Imagine a typical day a couple of months ago. Within a couple of hours after waking up, you would have already experienced a range of emotions. Maybe you picked up a cup of your favorite coffee from the local deli, which made you happy, while more traffic than usual slowed your commute and caused you to be late to work, making you angry. And as the day continued, you most likely experienced many other emotions as situations and events unfolded.
But the challenges and changes we currently face are not typical, and handling them will cause many of us to experience more intense emotions more frequently, and they will be more difficult to manage. Understanding what emotions are, as well as how to identify and manage them, can help alleviate stress and productively navigate this temporary “new normal” of self-isolation and remote learning for children, teachers, and parents.
What Are Emotions?
Emotions are brain-based, subjective conscious states of being. They have four components: a subjective experience, an evaluation of that experience, a bodily reaction, and behavioral expression. The evaluation and ensuing expressions are shaded by our current contexts, culture, experiences, and belief systems.
The eight basic emotions are joy, sadness, trust, disgust, fear, anger, surprise, and anticipation. Each one varies along a spectrum of intensity. For example, the less intense version of joy is serenity, and the more intense version would be ecstasy. Our ability to identify and express these emotions has a profound effect on our relationships with ourselves and with others, and on how we react to and solve problems.
Strategies for Recognizing, Naming, and Managing Emotions
- Teach a developmentally appropriate vocabulary. Using the eight basic emotions as a framework, teach students to under- stand and name their emotions. For young- er students, keep it simple: I feel sad. As students get older, introduce blends of the basic emotions to name more complex feelings.

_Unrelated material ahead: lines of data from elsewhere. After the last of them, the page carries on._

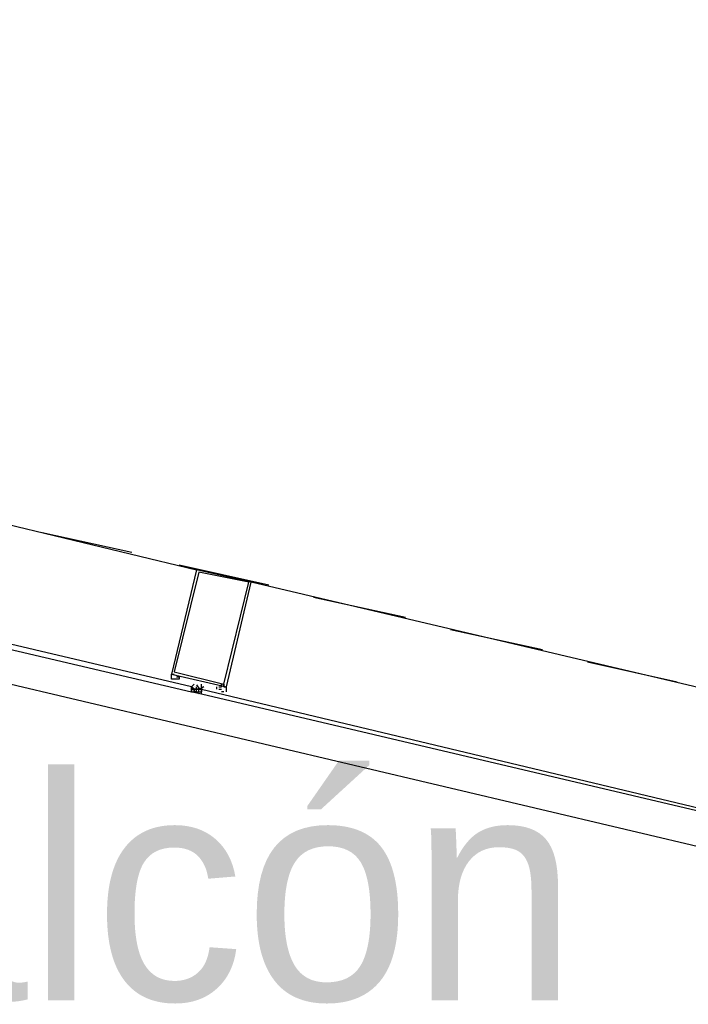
# Model space of a CAD drawing. Header units: feet. Extents: x -79 to 198, y -22 to 181.
# Tile 218 of 256: x 126.67 to 130.25, y 88.96 to 94.23. Entities that reach past the tile are written whole.
import ezdxf
from ezdxf.enums import TextEntityAlignment as Align

# ---------------------------------------------------------------- set-up
doc = ezdxf.new("R2010")
doc.units = ezdxf.units.FT
doc.layers.add('A-LINEA', color=7, linetype='CONTINUOUS')
doc.layers.add('A-NOMBRE-ESPACIO', color=2, linetype='CONTINUOUS')

msp = doc.modelspace()

# ---------------------------------------------------------------- linework, layer by layer
at = {"layer": 'A-LINEA'}
for p, q in [((125.0667, 91.8978), (127.6133, 91.2844)), ((126.7867, 91.4844), (127.2667, 91.3778)), ((127.52, 91.3111), (128, 91.2044)), ((130.4533, 90.6178), (127.9067, 91.2178)), ((128.24, 91.1378), (128.7333, 91.0311)), ((128.9733, 90.9644), (129.4667, 90.8578)), ((129.7067, 90.7911), (130.1867, 90.6844)), ((127.4933, 90.7244), (127.4933, 90.7244)), ((127.4933, 90.7244), (127.4933, 90.7244)), ((127.6, 90.6711), (127.6, 90.6711)), ((127.6, 90.6711), (127.6, 90.6711)), ((127.6, 90.6711), (127.6, 90.6711)), ((127.6, 90.6711), (127.6, 90.6711)), ((127.6, 90.6711), (127.6, 90.6711)), ((127.6, 90.6711), (127.6, 90.6711)), ((127.6, 90.6711), (127.6, 90.6711)), ((127.6, 90.6711), (127.6, 90.6711)), ((127.6403, 90.6173), (127.5839, 90.6306)), ((127.5867, 90.6578), (127.5867, 90.6578)), ((127.5867, 90.6578), (127.5867, 90.6578)), ((127.5867, 90.6578), (127.5867, 90.6578)), ((127.5867, 90.6578), (127.5867, 90.6578)), ((127.6, 90.6444), (127.5867, 90.6578)), ((127.5867, 90.6578), (127.5867, 90.6578)), ((127.5867, 90.6444), (127.5867, 90.6444)), ((127.5867, 90.6444), (127.6, 90.6444)), ((127.5867, 90.6444), (127.5867, 90.6444)), ((127.5867, 90.6444), (127.5867, 90.6444)), ((127.5867, 90.6444), (127.5867, 90.6444)), ((127.5867, 90.6444), (127.5867, 90.6444)), ((127.5867, 90.6444), (127.5867, 90.6444)), ((127.5867, 90.6444), (127.5867, 90.6444)), ((127.5867, 90.6444), (127.6, 90.6444)), ((127.5867, 90.6444), (127.5867, 90.6444)), ((127.5867, 90.6444), (127.5867, 90.6444)), ((127.5867, 90.6444), (127.5867, 90.6444)), ((127.5867, 90.6444), (127.5867, 90.6444)), ((127.5867, 90.6444), (127.5867, 90.6444)), ((127.5867, 90.6444), (127.5867, 90.6444)), ((127.5867, 90.6444), (127.5867, 90.6444)), ((127.5867, 90.6444), (127.5867, 90.6444)), ((127.6, 90.6444), (127.5867, 90.6444)), ((127.5867, 90.6311), (127.5867, 90.6311)), ((127.5867, 90.6311), (127.5867, 90.6311)), ((127.5867, 90.6311), (127.5867, 90.6311)), ((127.5867, 90.6311), (127.6, 90.6311)), ((127.5867, 90.6311), (127.5867, 90.6311)), ((127.5867, 90.6311), (127.5867, 90.6311)), ((127.5867, 90.6311), (127.5867, 90.6311)), ((127.5867, 90.6311), (127.5867, 90.6311)), ((127.5867, 90.6311), (127.5867, 90.6311)), ((127.6, 90.6578), (127.6, 90.6578)), ((127.6, 90.6578), (127.6, 90.6578)), ((127.6, 90.6578), (127.6, 90.6578)), ((127.6, 90.6578), (127.6, 90.6578)), ((127.6, 90.6578), (127.6, 90.6578)), ((127.6, 90.6578), (127.6, 90.6578)), ((127.6, 90.6578), (127.6, 90.6578)), ((127.6, 90.6578), (127.6, 90.6578)), ((127.6, 90.6578), (127.6, 90.6578)), ((127.6, 90.6578), (127.6, 90.6578)), ((127.6, 90.6578), (127.6, 90.6578)), ((127.6, 90.6578), (127.6, 90.6578)), ((127.6, 90.6578), (127.6, 90.6578)), ((127.6, 90.6578), (127.6, 90.6578)), ((127.6, 90.6578), (127.6, 90.6578)), ((127.6, 90.6578), (127.6, 90.6578)), ((127.6, 90.6578), (127.6, 90.6578)), ((127.6, 90.6578), (127.6, 90.6578)), ((127.6, 90.6578), (127.6, 90.6578)), ((127.6, 90.6578), (127.6, 90.6578)), ((127.6, 90.6578), (127.6, 90.6578)), ((127.6, 90.6444), (127.6, 90.6444)), ((127.6, 90.6444), (127.6133, 90.6444)), ((127.6, 90.6311), (127.6, 90.6444)), ((127.6, 90.6444), (127.6, 90.6444)), ((127.6, 90.6444), (127.6, 90.6444)), ((127.6, 90.6311), (127.6, 90.6444)), ((127.6, 90.6444), (127.6, 90.6444)), ((127.6, 90.6444), (127.6, 90.6444)), ((127.6, 90.6444), (127.6, 90.6444)), ((127.6, 90.6444), (127.6, 90.6444)), ((127.6, 90.6444), (127.6, 90.6444)), ((127.6, 90.6444), (127.6, 90.6444)), ((127.6, 90.6444), (127.6, 90.6444)), ((127.6, 90.6444), (127.6, 90.6444)), ((127.6, 90.6444), (127.6, 90.6311)), ((127.6, 90.6444), (127.6, 90.6444)), ((127.6, 90.6444), (127.6, 90.6444)), ((127.6133, 90.6444), (127.6, 90.6444)), ((127.6133, 90.6444), (127.6, 90.6444)), ((127.6, 90.6444), (127.6, 90.6444)), ((127.6, 90.6444), (127.6, 90.6444)), ((127.6, 90.6444), (127.6, 90.6444)), ((127.6, 90.6444), (127.6, 90.6444)), ((127.6, 90.6444), (127.6, 90.6444)), ((127.6, 90.6444), (127.6, 90.6444)), ((127.6, 90.6311), (127.6, 90.6311)), ((127.6, 90.6311), (127.6133, 90.6311)), ((127.6, 90.6311), (127.6, 90.6311)), ((127.6, 90.6311), (127.6, 90.6311)), ((127.6133, 90.6311), (127.6, 90.6311)), ((127.6, 90.6311), (127.6, 90.6311)), ((127.6, 90.6311), (127.6, 90.6311)), ((127.6, 90.6311), (127.6, 90.6311)), ((127.6, 90.6311), (127.6, 90.6311)), ((127.6, 90.6311), (127.6, 90.6311)), ((127.6, 90.6311), (127.6, 90.6311)), ((127.6, 90.6311), (127.6, 90.6311)), ((127.6133, 90.6311), (127.6, 90.6311)), ((127.6, 90.6311), (127.6, 90.6311)), ((127.6133, 90.6578), (127.6133, 90.6578)), ((127.6133, 90.6444), (127.6133, 90.6578)), ((127.6133, 90.6444), (127.6133, 90.6444)), ((127.6133, 90.6444), (127.6133, 90.6444)), ((127.6133, 90.6444), (127.6133, 90.6444)), ((127.6133, 90.6444), (127.6133, 90.6444)), ((127.6133, 90.6444), (127.6133, 90.6444)), ((127.6133, 90.6444), (127.6133, 90.6444)), ((127.6133, 90.6444), (127.6133, 90.6444)), ((127.6133, 90.6444), (127.6133, 90.6444)), ((127.6133, 90.6444), (127.6133, 90.6444)), ((127.6133, 90.6444), (127.6133, 90.6444)), ((127.6133, 90.6444), (127.6133, 90.6444)), ((127.6133, 90.6311), (127.6133, 90.6444)), ((127.6133, 90.6444), (127.6133, 90.6444)), ((127.6133, 90.6444), (127.6133, 90.6444)), ((127.6133, 90.6444), (127.6267, 90.6444)), ((127.6133, 90.6444), (127.6133, 90.6444)), ((127.6133, 90.6444), (127.6133, 90.6444)), ((127.6133, 90.6444), (127.6133, 90.6444)), ((127.6133, 90.6444), (127.6133, 90.6444)), ((127.6133, 90.6444), (127.6133, 90.6444)), ((127.6133, 90.6444), (127.6133, 90.6444)), ((127.6133, 90.6444), (127.6133, 90.6444)), ((127.6267, 90.6444), (127.6133, 90.6444)), ((127.6133, 90.6444), (127.6133, 90.6444)), ((127.6133, 90.6444), (127.6133, 90.6444)), ((127.6133, 90.6444), (127.6133, 90.6444)), ((127.6133, 90.6444), (127.6133, 90.6444)), ((127.6133, 90.6444), (127.6133, 90.6444)), ((127.6133, 90.6444), (127.6133, 90.6444)), ((127.6133, 90.6444), (127.6133, 90.6444)), ((127.6133, 90.6311), (127.6267, 90.6311)), ((127.6133, 90.6311), (127.6133, 90.6311)), ((127.6133, 90.6311), (127.6133, 90.6311)), ((127.6133, 90.6311), (127.6133, 90.6311)), ((127.6133, 90.6311), (127.6133, 90.6311)), ((127.6133, 90.6311), (127.6133, 90.6311)), ((127.6133, 90.6311), (127.6133, 90.6311)), ((127.6133, 90.6311), (127.6133, 90.6311)), ((127.6133, 90.6311), (127.6133, 90.6311)), ((127.6133, 90.6311), (127.6133, 90.6311)), ((127.6133, 90.6311), (127.6133, 90.6311)), ((127.6133, 90.6311), (127.6133, 90.6311)), ((127.6133, 90.6311), (127.6133, 90.6311)), ((127.6133, 90.6311), (127.6133, 90.6311)), ((127.6133, 90.6311), (127.6133, 90.6311)), ((127.6133, 90.6311), (127.6133, 90.6311)), ((127.6133, 90.6311), (127.6133, 90.6311)), ((127.6133, 90.6311), (127.6133, 90.6311)), ((127.6267, 90.6444), (127.64, 90.6444)), ((127.6267, 90.6444), (127.6267, 90.6444)), ((127.6267, 90.6444), (127.6267, 90.6444)), ((127.6267, 90.6444), (127.6267, 90.6444)), ((127.6267, 90.6444), (127.6267, 90.6444)), ((127.6267, 90.6444), (127.6267, 90.6444)), ((127.6267, 90.6444), (127.6267, 90.6444)), ((127.6267, 90.6444), (127.6267, 90.6444)), ((127.6267, 90.6444), (127.6267, 90.6444)), ((127.6267, 90.6444), (127.6267, 90.6444)), ((127.6267, 90.6444), (127.6267, 90.6444)), ((127.6267, 90.6444), (127.6267, 90.6444)), ((127.6267, 90.6444), (127.6267, 90.6444)), ((127.6267, 90.6444), (127.6267, 90.6444)), ((127.6267, 90.6444), (127.6267, 90.6444)), ((127.6267, 90.6311), (127.6267, 90.6444)), ((127.6267, 90.6311), (127.6267, 90.6444)), ((127.6267, 90.6444), (127.6267, 90.6444)), ((127.6267, 90.6444), (127.6267, 90.6444)), ((127.6267, 90.6444), (127.6267, 90.6444)), ((127.6267, 90.6444), (127.6267, 90.6444)), ((127.6267, 90.6444), (127.6267, 90.6444)), ((127.6267, 90.6444), (127.6267, 90.6444)), ((127.6267, 90.6444), (127.6267, 90.6444)), ((127.6267, 90.6444), (127.6267, 90.6444)), ((127.6267, 90.6444), (127.6267, 90.6444)), ((127.6267, 90.6444), (127.6267, 90.6444)), ((127.6267, 90.6444), (127.6267, 90.6444)), ((127.6267, 90.6444), (127.6267, 90.6444)), ((127.6267, 90.6444), (127.6267, 90.6444)), ((127.6267, 90.6444), (127.6267, 90.6444)), ((127.6267, 90.6311), (127.6267, 90.6311)), ((127.6267, 90.6311), (127.6267, 90.6311)), ((127.6267, 90.6311), (127.6267, 90.6311)), ((127.6267, 90.6311), (127.6267, 90.6311)), ((127.6267, 90.6311), (127.6267, 90.6311)), ((127.6267, 90.6311), (127.64, 90.6311)), ((127.6267, 90.6311), (127.6267, 90.6311)), ((127.6267, 90.6311), (127.6267, 90.6311)), ((127.6267, 90.6311), (127.6267, 90.6311)), ((127.6267, 90.6311), (127.6267, 90.6311)), ((127.6267, 90.6311), (127.64, 90.6311)), ((127.6267, 90.6311), (127.6267, 90.6311)), ((127.6267, 90.6311), (127.6267, 90.6311)), ((127.6267, 90.6311), (127.6267, 90.6311)), ((127.6267, 90.6311), (127.6267, 90.6311)), ((127.6267, 90.6311), (127.6267, 90.6311)), ((127.6267, 90.6311), (127.6267, 90.6311)), ((127.6267, 90.6311), (127.6267, 90.6311)), ((127.6267, 90.6311), (127.6267, 90.6311)), ((127.6267, 90.6311), (127.6267, 90.6311)), ((127.6267, 90.6311), (127.6267, 90.6311)), ((127.6267, 90.6311), (127.6267, 90.6311)), ((127.6267, 90.6311), (127.6267, 90.6311)), ((127.6267, 90.6311), (127.6267, 90.6311)), ((127.6267, 90.6311), (127.6267, 90.6311)), ((127.6267, 90.6311), (127.6267, 90.6311)), ((127.6267, 90.6311), (127.6267, 90.6311)), ((127.6267, 90.6311), (127.6267, 90.6311)), ((127.6267, 90.6311), (127.6267, 90.6311)), ((127.6267, 90.6311), (127.6267, 90.6311)), ((127.6267, 90.6311), (127.6267, 90.6311)), ((127.6267, 90.6311), (127.6267, 90.6311)), ((127.6267, 90.6178), (127.6267, 90.6178)), ((127.6267, 90.6178), (127.6267, 90.6178)), ((127.6267, 90.6178), (127.6267, 90.6178)), ((127.64, 90.6578), (127.64, 90.6578)), ((127.64, 90.6578), (127.64, 90.6578)), ((127.64, 90.6578), (127.64, 90.6578)), ((127.64, 90.6578), (127.64, 90.6578)), ((127.64, 90.6578), (127.64, 90.6578)), ((127.64, 90.6578), (127.64, 90.6578)), ((127.64, 90.6578), (127.64, 90.6578)), ((127.64, 90.6578), (127.64, 90.6578)), ((127.64, 90.6578), (127.64, 90.6578)), ((127.64, 90.6578), (127.64, 90.6578)), ((127.64, 90.6444), (127.64, 90.6578)), ((127.64, 90.6578), (127.64, 90.6578)), ((127.64, 90.6578), (127.64, 90.6578)), ((127.64, 90.6578), (127.64, 90.6578)), ((127.64, 90.6578), (127.64, 90.6578)), ((127.64, 90.6444), (127.64, 90.6444)), ((127.64, 90.6311), (127.64, 90.6444)), ((127.64, 90.6444), (127.64, 90.6444)), ((127.64, 90.6444), (127.64, 90.6444)), ((127.64, 90.6444), (127.64, 90.6444)), ((127.64, 90.6444), (127.64, 90.6444)), ((127.64, 90.6444), (127.64, 90.6444)), ((127.64, 90.6444), (127.64, 90.6444)), ((127.64, 90.6444), (127.64, 90.6444)), ((127.64, 90.6444), (127.64, 90.6311)), ((127.64, 90.6444), (127.64, 90.6444)), ((127.64, 90.6444), (127.64, 90.6444)), ((127.64, 90.6444), (127.64, 90.6444)), ((127.64, 90.6444), (127.64, 90.6444)), ((127.64, 90.6444), (127.64, 90.6444)), ((127.64, 90.6311), (127.64, 90.6311)), ((127.64, 90.6311), (127.64, 90.6311)), ((127.64, 90.6311), (127.64, 90.6311)), ((127.64, 90.6311), (127.64, 90.6311)), ((127.64, 90.6311), (127.64, 90.6311)), ((127.64, 90.6311), (127.64, 90.6311)), ((127.64, 90.6311), (127.64, 90.6311)), ((127.64, 90.6311), (127.64, 90.6311)), ((127.64, 90.6311), (127.64, 90.6311)), ((127.64, 90.6178), (127.64, 90.6178)), ((127.64, 90.6178), (127.64, 90.6178)), ((127.72, 90.6578), (127.72, 90.6444)), ((127.7333, 90.6444), (127.7467, 90.6444)), ((127.7733, 90.6311), (127.7733, 90.6578))]:
    msp.add_line(p, q, dxfattribs=at)
for points in [[(124.5867, 91.1511), (131.36, 89.5511), (135.2667, 106.0978)], [(124.8, 91.2844), (127.5867, 90.6311), (127.5867, 90.6444), (127.5867, 90.6578), (124.8133, 91.3111), (124.8, 91.3111), (124.8, 91.2978), (124.8, 91.2844)], [(127.9067, 91.2178), (127.6133, 91.2844), (127.48, 90.7244), (127.7733, 90.6578), (127.9067, 91.2178)], [(127.8933, 91.2178), (127.6267, 91.2711), (127.4933, 90.7378), (127.76, 90.6711), (127.8933, 91.2178)], [(127.5067, 90.6978), (127.4933, 90.6978), (127.4933, 90.6978), (127.48, 90.6978), (127.48, 90.6978), (127.48, 90.6978), (127.48, 90.7244), (127.48, 90.7244), (127.4933, 90.7244), (127.4933, 90.7244), (127.4933, 90.7244), (127.4933, 90.7244), (127.4933, 90.7244), (127.4933, 90.7244)], [(127.5067, 90.7244), (127.5067, 90.7244), (127.5067, 90.7244), (127.5067, 90.7244), (127.5067, 90.7244), (127.5067, 90.7244), (127.5067, 90.7244)], [(127.5067, 90.7244), (127.5067, 90.7244), (127.5067, 90.7244)], [(127.5067, 90.7111), (127.52, 90.7111), (127.52, 90.7111), (127.52, 90.6978), (127.52, 90.6978), (127.5067, 90.6978), (127.5067, 90.6978)], [(127.6, 90.6711), (127.5867, 90.6578), (127.5867, 90.6444), (127.5867, 90.6311)], [(127.64, 90.6178), (127.64, 90.6311), (127.64, 90.6444), (127.64, 90.6578), (127.64, 90.6711)], [(127.7333, 90.6578), (127.7333, 90.6578), (127.7467, 90.6578), (127.7467, 90.6578), (127.7467, 90.6711), (127.7467, 90.6711), (127.7467, 90.6711), (127.7467, 90.6711)], [(127.7467, 90.6711), (127.7467, 90.6578), (127.7467, 90.6578)], [(127.76, 90.6711), (127.76, 90.6711), (127.76, 90.6578), (127.76, 90.6578), (127.76, 90.6578), (127.76, 90.6578), (127.76, 90.6578), (127.76, 90.6578), (127.7733, 90.6578)], [(127.76, 90.6578), (127.76, 90.6711), (127.76, 90.6711)], [(127.6133, 90.6444), (127.6, 90.6444), (127.5867, 90.6444)], [(127.6136, 90.6679), (127.6293, 90.6449), (127.6528, 90.6598)], [(127.6267, 90.6311), (127.6267, 90.6444), (127.64, 90.6444)], [(127.64, 90.6578), (127.64, 90.6444), (127.64, 90.6578)], [(127.64, 90.6578), (127.64, 90.6444), (127.64, 90.6578), (127.64, 90.6444)], [(130.4133, 89.9644), (127.64, 90.6178), (127.64, 90.6311), (127.64, 90.6444), (130.4267, 89.9778), (130.4267, 89.9644), (130.4133, 89.9644)], [(127.7333, 90.6444), (127.7333, 90.6444), (127.7333, 90.6444), (127.7333, 90.6444)], [(127.76, 90.6311), (127.76, 90.6311), (127.76, 90.6311), (127.7467, 90.6311), (127.7467, 90.6311)]]:
    msp.add_lwpolyline(points, dxfattribs=at)

# ---------------------------------------------------------------- texts
at = {"layer": 'A-NOMBRE-ESPACIO'}
msp.add_text('Balcón', height=1.2, dxfattribs=at).set_placement((127.2, 88.9778), align=Align.CENTER)

doc.saveas('drawing.dxf')

- Practice emotion regulation strategies. Emotional expressions in response to intense or uncomfortable emotions may appear to be automatic, but with practice we can regulate them. Body-calming practices help guide our reactions and build self-awareness about how we respond to emotions and why. These include breathing techniques, body scans, and visualization to remain present.
- Coping mechanisms. Physical movement, writing, reading, painting, drawing, and music are all proven ways to successfully manage our emotions. Something as simple as doodling on a piece of paper in the moment can be a non-disruptive way of reducing stress and anxiety.
It’s important to remember that the situations we are experiencing with the coronavirus is temporary, and despite the hardships it creates, we can take deep breaths, acknowledge our emotions, and support each other in navigating and making the best of this unusual time
Learning to identify and manage emotions is a critical skill set that contributes to our success in school, work, and life in general.